Background

Correction of pre-existing corneal astigmatism during cataract surgery is increasingly accepted in clinical practice because it can improve visual quality and minimize postoperative spectacles dependence. It had been reported that 30% or more cataract patients have corneal astigmatism greater than 1.00 diopter (D) [1,2,3], and ocular residual astigmatism may influence postoperative outcomes [4]. Clinically, several methods are available to correct corneal astigmatism during cataract surgery: (1) clear corneal incision at the steep corneal meridian; (2) astigmatic keratotomy at the steep corneal meridian; [5, 6] (3) limbal or peripheral corneal relaxing incision at the steep corneal meridian; [7,8,9] and (4) implantation of a toric intraocular lens (IOL) [10,11,12,13,14,15].

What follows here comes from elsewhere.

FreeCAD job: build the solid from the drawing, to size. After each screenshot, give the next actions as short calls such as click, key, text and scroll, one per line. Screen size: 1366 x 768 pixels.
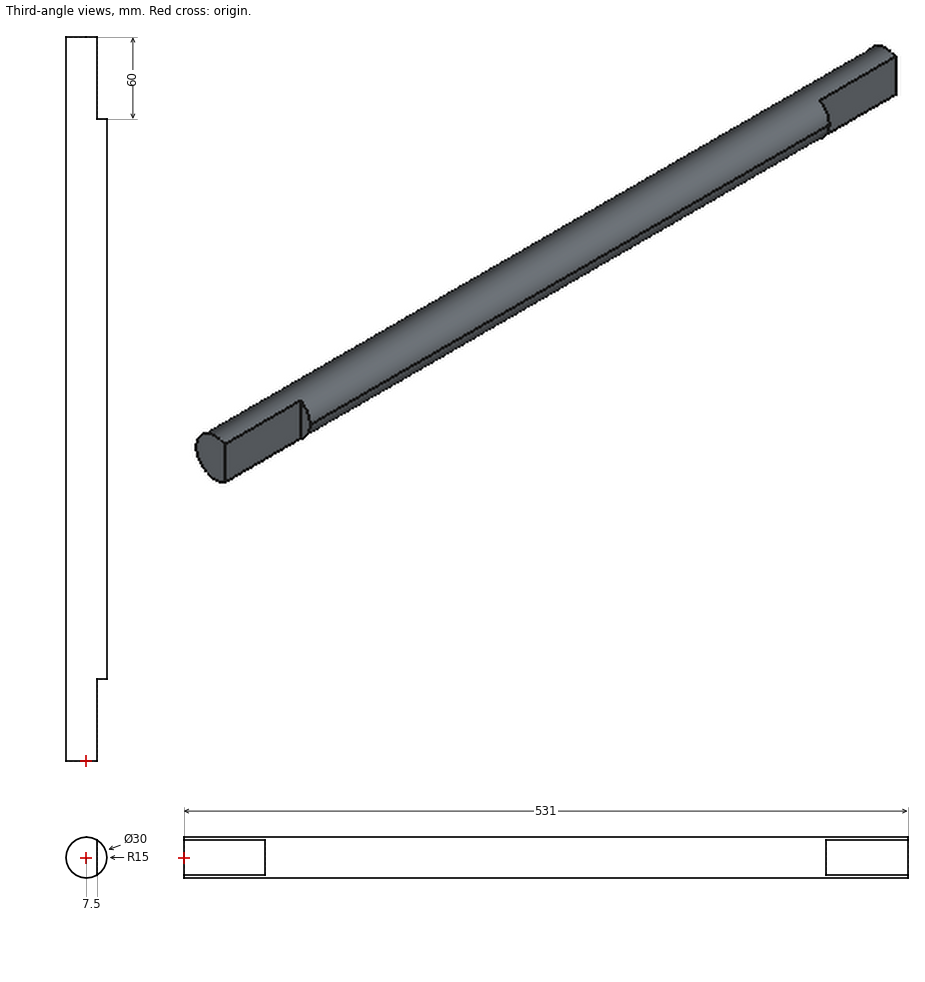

For all the surgical methods, accurately locating the axis of pre-existing corneal astigmatism plays an important role. In the clinic, there are four methods commonly used to measure the axis of corneal astigmatism preoperatively: manual-keratometry, optical biometry, auto-keratometry, and the Scheimpflug method. A study carried out by Minwook Chang et al. showed that there were no significant differences among these four methods in measuring the axis of pre-existing corneal astigmatism when correcting astigmatism with toric IOLs [16].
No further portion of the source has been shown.